From: jmjonesat_private
Date: Tue May 22 2001 - 14:24:48 PDT

  • Next message: sarnoldat_private: "Re: Extending a Security Module"

    On Tue, 22 May 2001, Greg KH wrote:
    > On Tue, May 22, 2001 at 04:11:15PM -0400, jmjonesat_private wrote:
    > > 
    > > On 22 May 2001, David Wagner wrote:
    > > 
    > > > but is
    > > > getting into this discussion now a good idea?
    > Not again.  I thought we agreed to not worry about this right now. :)
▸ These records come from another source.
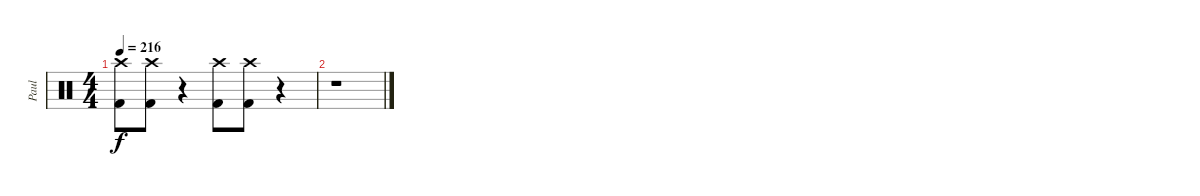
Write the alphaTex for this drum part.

\track ("Paul" "Paul") {instrument percussion}
\staff {score}
\articulation defaults
\ts (4 4)
\tempo 216
\clef neutral
\ks c
("Crash high (hit)" "Kick (hit) 2").8{dy f} ("Crash high (hit)" "Kick (hit) 2").8 r.4 ("Crash high (hit)" "Kick (hit) 2").8 ("Crash high (hit)" "Kick (hit) 2").8 r.4 |
r.1
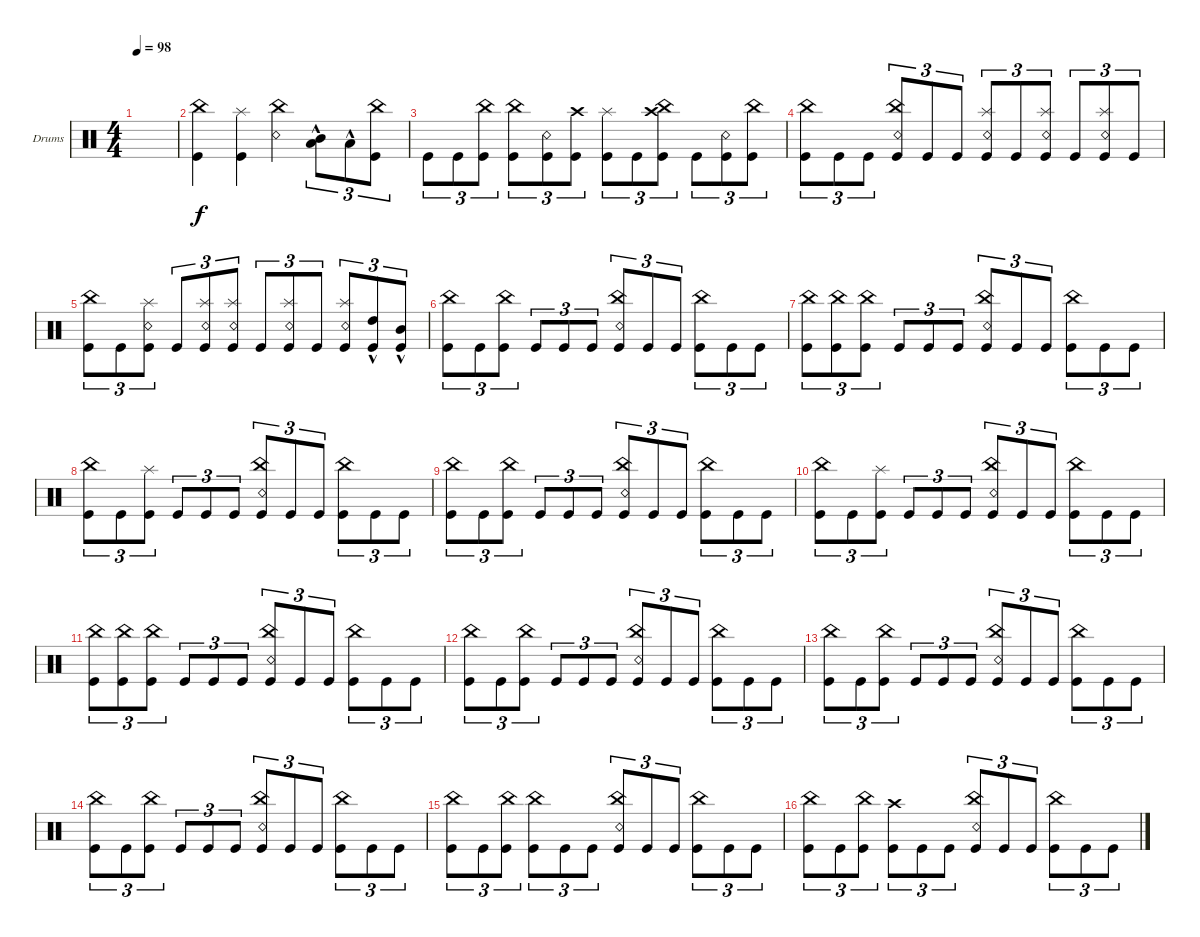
\defaultSystemsLayout 4
\bracketExtendMode groupsimilarinstruments
\multiBarRest
\firstSystemTrackNameOrientation horizontal
\otherSystemsTrackNameOrientation horizontal
\track ("Drumkit" "Drums") {instrument percussion}
\staff {score}
\articulation defaults
\ts (4 4)
\tempo 98
\clef neutral
\ks c
|
("Kick (hit)" "China (hit)").4 ("Kick (hit)" "Splash (hit)").4 ("Snare (rim shot)" "China (hit)").4 ("Mid Tom (hit)" "Low Tom (hit)"{hac}).8{tu (3 2)} "Low Tom (hit)"{hac}.8{tu (3 2)} ("Kick (hit)" "China (hit)").8{tu (3 2)} |
"Kick (hit)".8{tu (3 2)} "Kick (hit)".8{tu (3 2)} ("Kick (hit)" "China (hit)").8{tu (3 2)} ("Kick (hit)" "China (hit)").8{tu (3 2)} ("Kick (hit)" "Snare (rim shot)").8{tu (3 2)} ("Kick (hit)" "Crash high (hit)").8{tu (3 2)} ("Kick (hit)" "Splash (hit)").8{tu (3 2)} "Kick (hit)".8{tu (3 2)} ("Kick (hit)" "China (hit)" "Crash high (hit)").8{tu (3 2)} "Kick (hit)".8{tu (3 2)} ("Kick (hit)" "Snare (rim shot)").8{tu (3 2)} ("Kick (hit)" "China (hit)").8{tu (3 2)} |
("Kick (hit)" "China (hit)").8{tu (3 2)} "Kick (hit)".8{tu (3 2)} "Kick (hit)".8{tu (3 2)} ("Kick (hit)" "China (hit)" "Snare (rim shot)").8{tu (3 2)} "Kick (hit)".8{tu (3 2)} "Kick (hit)".8{tu (3 2)} ("Kick (hit)" "Snare (rim shot)" "Splash (hit)").8{tu (3 2)} "Kick (hit)".8{tu (3 2)} ("Kick (hit)" "Snare (rim shot)" "Splash (hit)").8{tu (3 2)} "Kick (hit)".8{tu (3 2)} ("Kick (hit)" "Snare (rim shot)" "Splash (hit)").8{tu (3 2)} "Kick (hit)".8{tu (3 2)} |
("Kick (hit)" "China (hit)").8{tu (3 2)} "Kick (hit)".8{tu (3 2)} ("Kick (hit)" "Snare (rim shot)" "Splash (hit)").8{tu (3 2)} "Kick (hit)".8{tu (3 2)} ("Kick (hit)" "Snare (rim shot)" "Splash (hit)").8{tu (3 2)} ("Kick (hit)" "Snare (rim shot)" "Splash (hit)").8{tu (3 2)} "Kick (hit)".8{tu (3 2)} ("Kick (hit)" "Snare (rim shot)" "Splash (hit)").8{tu (3 2)} "Kick (hit)".8{tu (3 2)} ("Kick (hit)" "Snare (rim shot)" "Splash (hit)").8{tu (3 2)} ("Kick (hit)"{hac} "High Tom (hit)"{hac}).8{tu (3 2)} ("Kick (hit)"{hac} "Mid Tom (hit)"{hac}).8{tu (3 2)} |
("Kick (hit)" "China (hit)").8{tu (3 2)} "Kick (hit)".8{tu (3 2)} ("Kick (hit)" "China (hit)").8{tu (3 2)} "Kick (hit)".8{tu (3 2)} "Kick (hit)".8{tu (3 2)} "Kick (hit)".8{tu (3 2)} ("Snare (rim shot)" "Kick (hit)" "China (hit)").8{tu (3 2)} "Kick (hit)".8{tu (3 2)} "Kick (hit)".8{tu (3 2)} ("Kick (hit)" "China (hit)").8{tu (3 2)} "Kick (hit)".8{tu (3 2)} "Kick (hit)".8{tu (3 2)} |
("Kick (hit)" "China (hit)").8{tu (3 2)} ("Kick (hit)" "China (hit)").8{tu (3 2)} ("Kick (hit)" "China (hit)").8{tu (3 2)} "Kick (hit)".8{tu (3 2)} "Kick (hit)".8{tu (3 2)} "Kick (hit)".8{tu (3 2)} ("Snare (rim shot)" "Kick (hit)" "China (hit)").8{tu (3 2)} "Kick (hit)".8{tu (3 2)} "Kick (hit)".8{tu (3 2)} ("Kick (hit)" "China (hit)").8{tu (3 2)} "Kick (hit)".8{tu (3 2)} "Kick (hit)".8{tu (3 2)} |
("Kick (hit)" "China (hit)").8{tu (3 2)} "Kick (hit)".8{tu (3 2)} ("Kick (hit)" "Splash (hit)").8{tu (3 2)} "Kick (hit)".8{tu (3 2)} "Kick (hit)".8{tu (3 2)} "Kick (hit)".8{tu (3 2)} ("Snare (rim shot)" "Kick (hit)" "China (hit)").8{tu (3 2)} "Kick (hit)".8{tu (3 2)} "Kick (hit)".8{tu (3 2)} ("Kick (hit)" "China (hit)").8{tu (3 2)} "Kick (hit)".8{tu (3 2)} "Kick (hit)".8{tu (3 2)} |
("Kick (hit)" "China (hit)").8{tu (3 2)} "Kick (hit)".8{tu (3 2)} ("Kick (hit)" "China (hit)").8{tu (3 2)} "Kick (hit)".8{tu (3 2)} "Kick (hit)".8{tu (3 2)} "Kick (hit)".8{tu (3 2)} ("Snare (rim shot)" "Kick (hit)" "China (hit)").8{tu (3 2)} "Kick (hit)".8{tu (3 2)} "Kick (hit)".8{tu (3 2)} ("Kick (hit)" "China (hit)").8{tu (3 2)} "Kick (hit)".8{tu (3 2)} "Kick (hit)".8{tu (3 2)} |
("Kick (hit)" "China (hit)").8{tu (3 2)} "Kick (hit)".8{tu (3 2)} ("Kick (hit)" "Splash (hit)").8{tu (3 2)} "Kick (hit)".8{tu (3 2)} "Kick (hit)".8{tu (3 2)} "Kick (hit)".8{tu (3 2)} ("Snare (rim shot)" "Kick (hit)" "China (hit)").8{tu (3 2)} "Kick (hit)".8{tu (3 2)} "Kick (hit)".8{tu (3 2)} ("Kick (hit)" "China (hit)").8{tu (3 2)} "Kick (hit)".8{tu (3 2)} "Kick (hit)".8{tu (3 2)} |
("Kick (hit)" "China (hit)").8{tu (3 2)} ("Kick (hit)" "China (hit)").8{tu (3 2)} ("Kick (hit)" "China (hit)").8{tu (3 2)} "Kick (hit)".8{tu (3 2)} "Kick (hit)".8{tu (3 2)} "Kick (hit)".8{tu (3 2)} ("Snare (rim shot)" "Kick (hit)" "China (hit)").8{tu (3 2)} "Kick (hit)".8{tu (3 2)} "Kick (hit)".8{tu (3 2)} ("Kick (hit)" "China (hit)").8{tu (3 2)} "Kick (hit)".8{tu (3 2)} "Kick (hit)".8{tu (3 2)} |
("Kick (hit)" "China (hit)").8{tu (3 2)} "Kick (hit)".8{tu (3 2)} ("Kick (hit)" "China (hit)").8{tu (3 2)} "Kick (hit)".8{tu (3 2)} "Kick (hit)".8{tu (3 2)} "Kick (hit)".8{tu (3 2)} ("Snare (rim shot)" "Kick (hit)" "China (hit)").8{tu (3 2)} "Kick (hit)".8{tu (3 2)} "Kick (hit)".8{tu (3 2)} ("Kick (hit)" "China (hit)").8{tu (3 2)} "Kick (hit)".8{tu (3 2)} "Kick (hit)".8{tu (3 2)} |
("Kick (hit)" "China (hit)").8{tu (3 2)} "Kick (hit)".8{tu (3 2)} ("Kick (hit)" "China (hit)").8{tu (3 2)} "Kick (hit)".8{tu (3 2)} "Kick (hit)".8{tu (3 2)} "Kick (hit)".8{tu (3 2)} ("Snare (rim shot)" "Kick (hit)" "China (hit)").8{tu (3 2)} "Kick (hit)".8{tu (3 2)} "Kick (hit)".8{tu (3 2)} ("Kick (hit)" "China (hit)").8{tu (3 2)} "Kick (hit)".8{tu (3 2)} "Kick (hit)".8{tu (3 2)} |
("Kick (hit)" "China (hit)").8{tu (3 2)} "Kick (hit)".8{tu (3 2)} ("Kick (hit)" "China (hit)").8{tu (3 2)} "Kick (hit)".8{tu (3 2)} "Kick (hit)".8{tu (3 2)} "Kick (hit)".8{tu (3 2)} ("Snare (rim shot)" "Kick (hit)" "China (hit)").8{tu (3 2)} "Kick (hit)".8{tu (3 2)} "Kick (hit)".8{tu (3 2)} ("Kick (hit)" "China (hit)").8{tu (3 2)} "Kick (hit)".8{tu (3 2)} "Kick (hit)".8{tu (3 2)} |
("Kick (hit)" "China (hit)").8{tu (3 2)} "Kick (hit)".8{tu (3 2)} ("Kick (hit)" "China (hit)").8{tu (3 2)} ("Kick (hit)" "China (hit)").8{tu (3 2)} "Kick (hit)".8{tu (3 2)} "Kick (hit)".8{tu (3 2)} ("Snare (rim shot)" "Kick (hit)" "China (hit)").8{tu (3 2)} "Kick (hit)".8{tu (3 2)} "Kick (hit)".8{tu (3 2)} ("Kick (hit)" "China (hit)").8{tu (3 2)} "Kick (hit)".8{tu (3 2)} "Kick (hit)".8{tu (3 2)} |
("Kick (hit)" "China (hit)").8{tu (3 2)} "Kick (hit)".8{tu (3 2)} ("Kick (hit)" "China (hit)").8{tu (3 2)} ("Kick (hit)" "Crash high (hit)").8{tu (3 2)} "Kick (hit)".8{tu (3 2)} "Kick (hit)".8{tu (3 2)} ("Snare (rim shot)" "Kick (hit)" "China (hit)").8{tu (3 2)} "Kick (hit)".8{tu (3 2)} "Kick (hit)".8{tu (3 2)} ("Kick (hit)" "China (hit)").8{tu (3 2)} "Kick (hit)".8{tu (3 2)} "Kick (hit)".8{tu (3 2)}

    > > My suggestion involves only a few lines in the current 
    > > patch, and certainly could be "erased" if a better idea
    > > comes along, but the idea of stackable modules seems 
    > > VERY core, at this point, *to me*.
    > No it doesn't.  It requires every hook to add the ability to chain
    > modules.  Let's drop this for now and then bring it up when we have a
    > working system.
    Yes it does.  If the kernel calls the registered function, it's that 
    FUNCTIONS responsibility to chain, if desired.
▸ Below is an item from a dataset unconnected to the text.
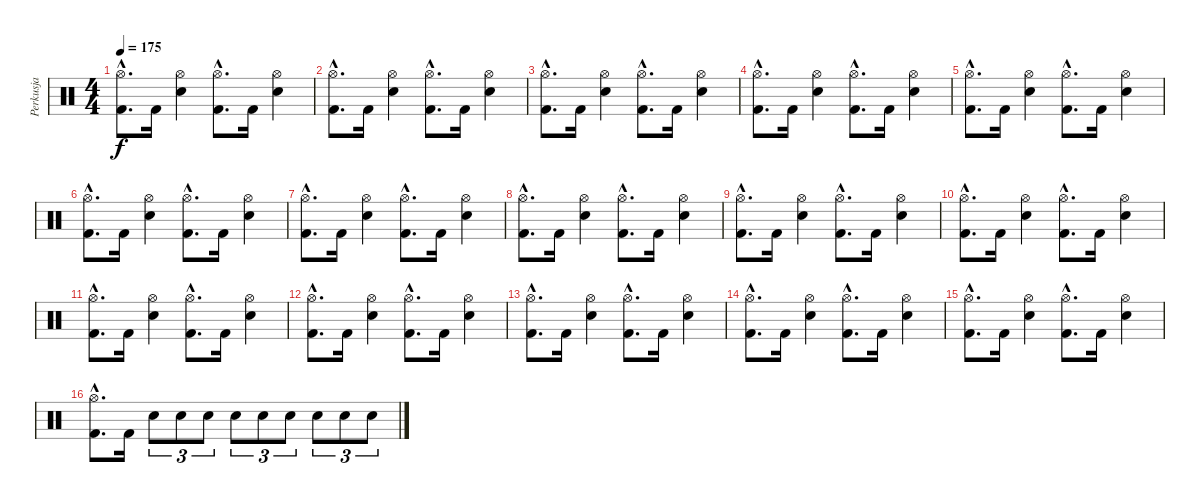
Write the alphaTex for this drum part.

    security_ops->register(security_operations *ops);
    to the original security ops structure, then 
    replace lines 275 and 276 of security.c with
    return security_ops->register(*ops);
    and you're done.  The hooks in the "kernel proper" make ONE call,
    end of story.
    The security_ops->unregister(...) takes a little thinking
    but it's similarly "trivial".
    > > Somebody used the phrase "The Unix Way" before.  The Unix 
    > > Way is to build small active components and mix and match 
    > > them to fit the specific needs of the system.  If only 
    > > ONE module is possible without back end fixes from the 
    > > module... that may be good for commercial module builders
    > > but I think it kind of "cripples" the "unix way".
    > "The Unix Way" does not pertain to kernel modules in any sense of the
    > phrase.  Think usermode programs, not kernelspace.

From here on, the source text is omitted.